Look below for the line containing "Answer: Vandalism and"; from there through the line containing "Answer: 29.3% Which", both lines included, please set down each line exactly and nothing else.
━━━━━━
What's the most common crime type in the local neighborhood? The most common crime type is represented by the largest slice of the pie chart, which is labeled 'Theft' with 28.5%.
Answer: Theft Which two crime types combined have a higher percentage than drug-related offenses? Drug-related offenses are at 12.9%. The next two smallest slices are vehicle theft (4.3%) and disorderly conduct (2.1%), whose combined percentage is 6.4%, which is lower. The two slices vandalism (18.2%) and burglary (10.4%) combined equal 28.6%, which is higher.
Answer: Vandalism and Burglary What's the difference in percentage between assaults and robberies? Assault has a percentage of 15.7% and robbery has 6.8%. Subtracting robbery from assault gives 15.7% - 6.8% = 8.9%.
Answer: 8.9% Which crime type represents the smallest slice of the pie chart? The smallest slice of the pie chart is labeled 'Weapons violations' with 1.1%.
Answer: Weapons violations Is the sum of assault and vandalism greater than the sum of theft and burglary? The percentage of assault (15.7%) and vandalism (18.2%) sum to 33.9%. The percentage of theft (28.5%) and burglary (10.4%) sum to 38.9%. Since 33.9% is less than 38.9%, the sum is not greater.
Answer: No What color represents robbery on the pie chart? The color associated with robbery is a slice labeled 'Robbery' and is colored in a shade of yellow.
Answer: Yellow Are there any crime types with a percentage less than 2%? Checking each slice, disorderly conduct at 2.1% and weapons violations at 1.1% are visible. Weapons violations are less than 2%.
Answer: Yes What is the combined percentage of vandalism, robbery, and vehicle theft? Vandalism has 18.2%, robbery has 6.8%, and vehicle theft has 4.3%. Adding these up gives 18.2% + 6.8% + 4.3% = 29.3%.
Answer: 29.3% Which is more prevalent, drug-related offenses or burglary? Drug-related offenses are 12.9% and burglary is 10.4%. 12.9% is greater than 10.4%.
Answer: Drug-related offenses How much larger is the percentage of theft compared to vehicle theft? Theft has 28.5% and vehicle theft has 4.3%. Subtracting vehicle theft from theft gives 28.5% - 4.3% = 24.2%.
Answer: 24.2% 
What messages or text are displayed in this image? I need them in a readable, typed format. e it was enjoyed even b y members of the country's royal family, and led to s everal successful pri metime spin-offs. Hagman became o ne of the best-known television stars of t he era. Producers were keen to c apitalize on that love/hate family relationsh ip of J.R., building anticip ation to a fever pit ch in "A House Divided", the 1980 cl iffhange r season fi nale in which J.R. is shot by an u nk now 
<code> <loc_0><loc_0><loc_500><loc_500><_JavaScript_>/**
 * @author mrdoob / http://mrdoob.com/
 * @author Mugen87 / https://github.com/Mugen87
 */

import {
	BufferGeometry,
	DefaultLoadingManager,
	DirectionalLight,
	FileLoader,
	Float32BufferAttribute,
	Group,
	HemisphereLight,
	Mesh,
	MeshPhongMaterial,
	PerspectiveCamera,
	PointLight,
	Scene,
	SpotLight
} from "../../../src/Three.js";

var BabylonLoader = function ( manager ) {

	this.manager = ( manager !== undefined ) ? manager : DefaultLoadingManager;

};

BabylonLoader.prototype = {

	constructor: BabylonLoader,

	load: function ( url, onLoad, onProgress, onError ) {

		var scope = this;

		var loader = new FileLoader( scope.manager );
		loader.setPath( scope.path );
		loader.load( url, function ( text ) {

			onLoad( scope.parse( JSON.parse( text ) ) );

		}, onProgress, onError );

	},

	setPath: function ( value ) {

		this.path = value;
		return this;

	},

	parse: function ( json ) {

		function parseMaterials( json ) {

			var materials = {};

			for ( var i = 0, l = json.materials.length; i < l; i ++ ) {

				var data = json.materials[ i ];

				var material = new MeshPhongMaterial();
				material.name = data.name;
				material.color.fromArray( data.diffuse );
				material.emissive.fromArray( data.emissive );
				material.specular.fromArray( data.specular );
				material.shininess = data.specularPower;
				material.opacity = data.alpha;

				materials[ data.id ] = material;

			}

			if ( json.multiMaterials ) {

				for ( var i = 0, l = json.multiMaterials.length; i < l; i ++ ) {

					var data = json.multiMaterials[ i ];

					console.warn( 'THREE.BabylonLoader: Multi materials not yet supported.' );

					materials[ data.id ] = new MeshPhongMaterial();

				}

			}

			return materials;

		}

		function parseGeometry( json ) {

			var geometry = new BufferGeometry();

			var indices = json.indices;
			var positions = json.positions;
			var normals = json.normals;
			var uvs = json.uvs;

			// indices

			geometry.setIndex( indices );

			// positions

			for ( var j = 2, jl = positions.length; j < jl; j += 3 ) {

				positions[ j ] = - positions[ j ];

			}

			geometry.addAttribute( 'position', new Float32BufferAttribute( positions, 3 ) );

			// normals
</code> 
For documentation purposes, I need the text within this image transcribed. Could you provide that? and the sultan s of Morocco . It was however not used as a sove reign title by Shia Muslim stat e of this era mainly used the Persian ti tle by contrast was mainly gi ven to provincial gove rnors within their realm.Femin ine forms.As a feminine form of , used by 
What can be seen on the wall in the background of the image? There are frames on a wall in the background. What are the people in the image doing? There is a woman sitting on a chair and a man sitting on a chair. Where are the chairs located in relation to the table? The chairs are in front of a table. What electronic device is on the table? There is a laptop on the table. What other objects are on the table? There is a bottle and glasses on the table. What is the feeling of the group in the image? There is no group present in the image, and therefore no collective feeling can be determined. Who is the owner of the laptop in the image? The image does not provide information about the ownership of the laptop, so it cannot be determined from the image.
━━━━━━
:: Response to the exercise ::
Answer: Vandalism and Burglary What's the difference in percentage between assaults and robberies? Assault has a percentage of 15.7% and robbery has 6.8%. Subtracting robbery from assault gives 15.7% - 6.8% = 8.9%.
Answer: 8.9% Which crime type represents the smallest slice of the pie chart? The smallest slice of the pie chart is labeled 'Weapons violations' with 1.1%.
Answer: Weapons violations Is the sum of assault and vandalism greater than the sum of theft and burglary? The percentage of assault (15.7%) and vandalism (18.2%) sum to 33.9%. The percentage of theft (28.5%) and burglary (10.4%) sum to 38.9%. Since 33.9% is less than 38.9%, the sum is not greater.
Answer: No What color represents robbery on the pie chart? The color associated with robbery is a slice labeled 'Robbery' and is colored in a shade of yellow.
Answer: Yellow Are there any crime types with a percentage less than 2%? Checking each slice, disorderly conduct at 2.1% and weapons violations at 1.1% are visible. Weapons violations are less than 2%.
Answer: Yes What is the combined percentage of vandalism, robbery, and vehicle theft? Vandalism has 18.2%, robbery has 6.8%, and vehicle theft has 4.3%. Adding these up gives 18.2% + 6.8% + 4.3% = 29.3%.
Answer: 29.3% Which is more prevalent, drug-related offenses or burglary? Drug-related offenses are 12.9% and burglary is 10.4%. 12.9% is greater than 10.4%.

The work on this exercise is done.